19. In the light of the above case laws as relied upon by the Ld. Counsel for the assessee, we are of the considered view that the claim of provision as made by the assessee is in accordance with settled principal of law. Therefore, the authorities below were not justified in making the disallowance. Thus, Ground of appeal No.3 raised by the assessee is allowed.
20. Now, coming to ITA No.1593/Del/2017 filed by the assessee relating to Assessment Year 2013-14. The assessee has raised following grounds of appeal:-
1. “That on the facts and circumstances of the case and in law, the Learned CIT (Appeals) has erred while confirming the reduction of depreciation on Toll Road developed by the appellant company from 25% to 10% and confirming addition of Rs.46,98,20,742/-(including addition made as Ground of Appeal No.-2) on the ground that the roads are included in the definition of Building without accepting appellant’s contention that the appellant company has Rights in the developed Toll Road and the appellant is eligible for depreciation @ 25% under the head Intangible Assets.

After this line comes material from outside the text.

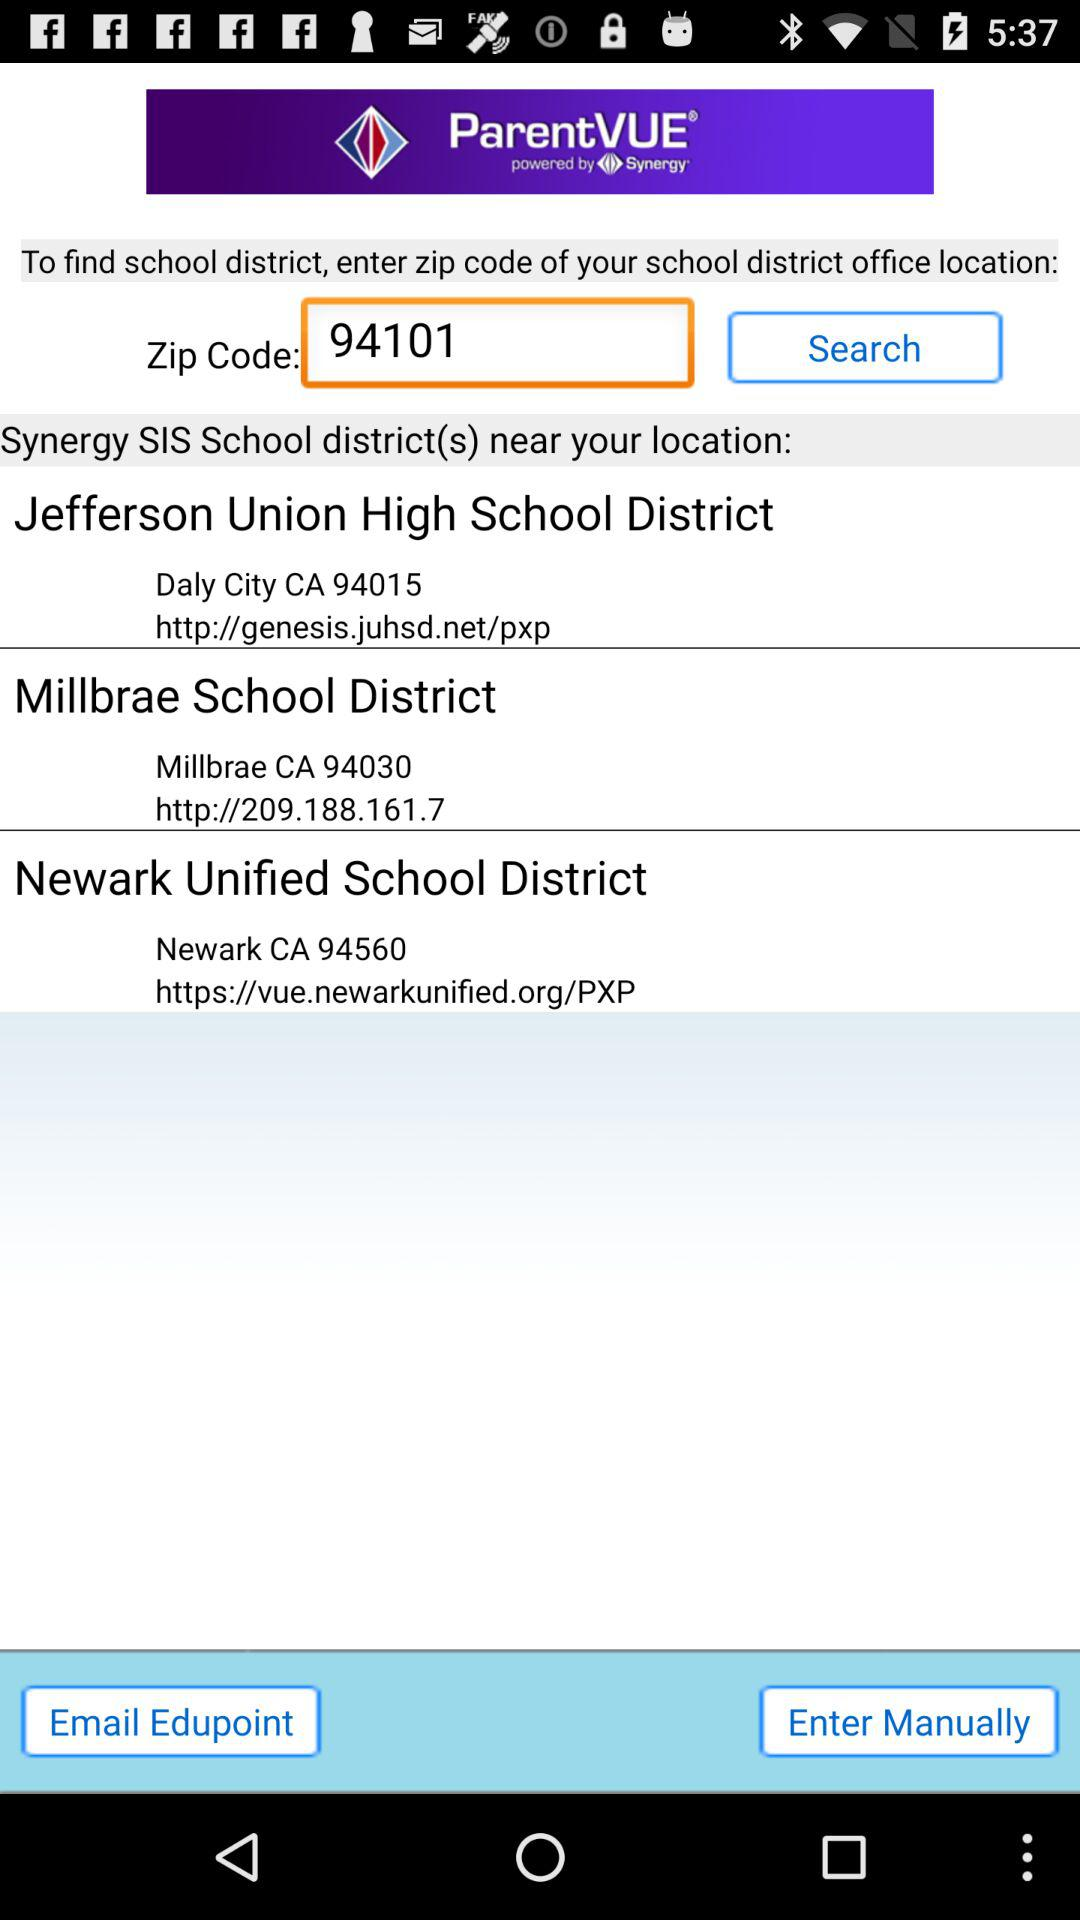What is the entered zip code? The entered zip code is 94101.

2. That on the facts and circumstances of the case and in law, the Learned CIT(Appeals) has erred while confirming deduction of Grant of Rs.43.92 Crores received from NHAI out of the total cost of project of Rs.441,27,05,614/- for the A.Y. 2012-13 and thereby reducing the depreciation claimed to the said extent on the ground that the grant given by NHAI is to meet part of the cost of the project and is not a contribution towards the Equity Support.
3. That, on the facts and circumstances of the case and in law, the Learned CIT(Appeals) has erred while confirming disallowance of provision made for major maintenance expenses amounting to Rs.6,00,00,000/- on the ground that the said provision is contingent in nature and the assessee has not made any expenditure on that count during the year under consideration and such a maintenance envisaged in the Common Rupee Loan Agreement at best is merely an estimate, indefinite, likely to take place at some future date and the same has not taken place at all.”
21. The grounds raised in Assessment Year 2013-14 is identical to the grounds raised in Assessment Year 2012-13 except change in figures.
22. Both representatives adopted the same arguments as in ITA No.1592/Del/2017.
23. We have considered the rival submissions of the parties and also perused the material available on record. We find that there is no change into facts and circumstances have been pointed by the Revenue. We, therefore taking the consistent view, the grounds raised in this appeal are also partly allowed. Our finding in ITA No.1592/Del/2017 for Assessment Year 2012-13 would apply mutatis mutandi to the identical grounds raised in this year as well.
24. In the result, both appeals of the assessee are partly allowed.
Above decision was pronounced on conclusion of Virtual Hearing in the presence of both the parties on 18th May, 2021.